Readers' Corner - exploring reading for pleasure.


Reading for Pleasure - a reading strategy that changes lives
When I was in my grad school program, I learned a reading strategy called "Reading for Pleasure." It is an amazing program that can improve the lives of struggling readers. It's easy! Have the reader select a book of their choice at their reading level. How can you tell if the book is appropriate? You don't need to be a reading teacher. If they can easily read a random passage of about 100 words from the book, it's a good choice for them. If they stumble over words and hesitate while reading, then it is too hard. They need to find another book.

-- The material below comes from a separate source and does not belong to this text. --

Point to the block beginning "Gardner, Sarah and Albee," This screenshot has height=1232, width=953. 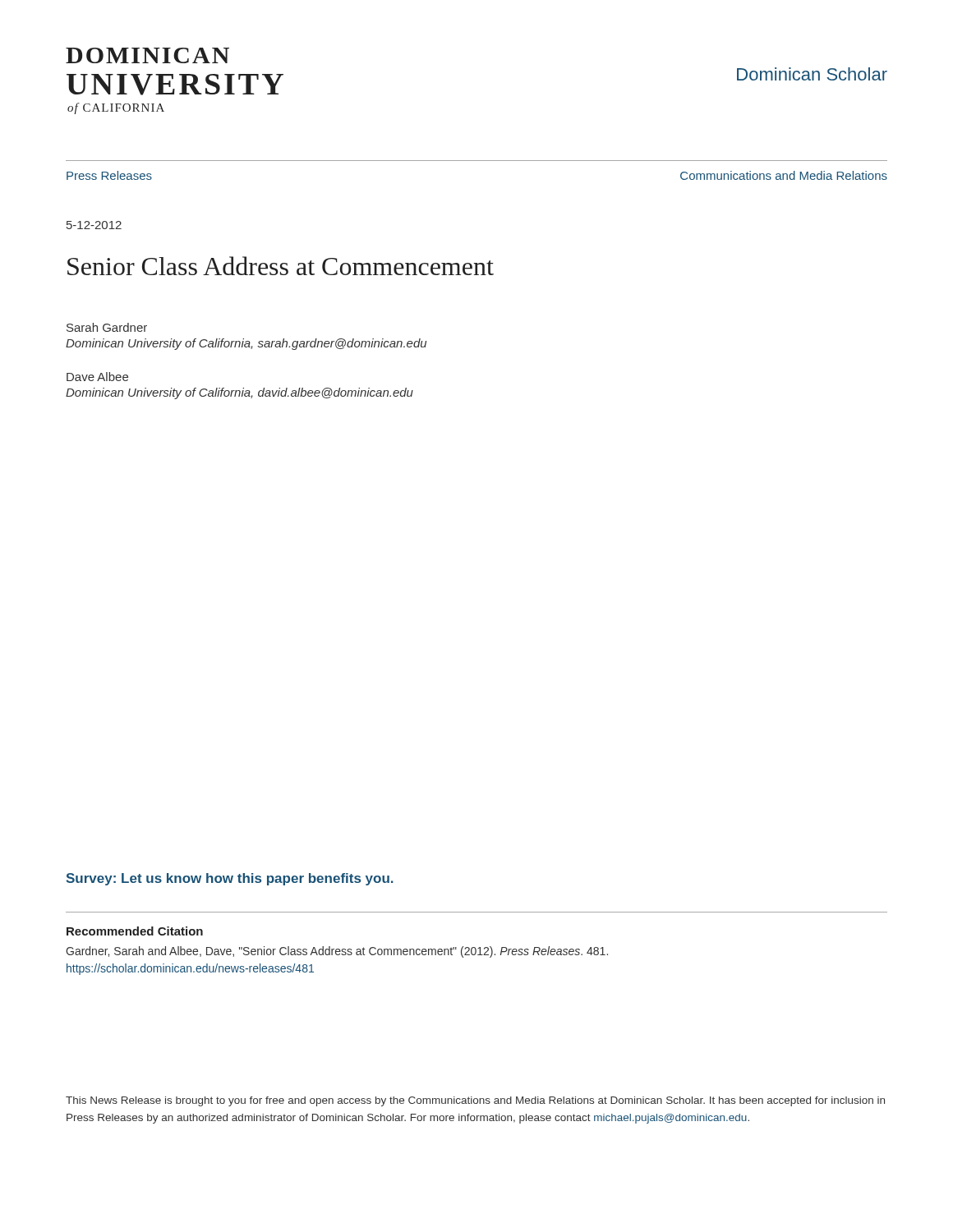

Reading for Pleasure is done daily, at least five days per week. Once the reader has their book, they need to read it for at least 20 minutes per day. After the 20 minutes of reading, the reader writes in her journal. The journal can be a notebook or she can use a computer. She puts the name of the book (the first time she writes about the book), the date, and which pages were read. Then, the student paraphrases what they have read. They tell about the story in their own words. They do not copy any sentences from the book. In fact, it helps them learn to retain information when they seldom look at the book after they finish reading. I discourage, but do not forbid, looking back in the book. One thing that helps is if they can discuss what they read with somebody else. That helps them get their thoughts in order. Then, they write in the journal. Have the reader share with another person what they wrote in their reading journal . That's it!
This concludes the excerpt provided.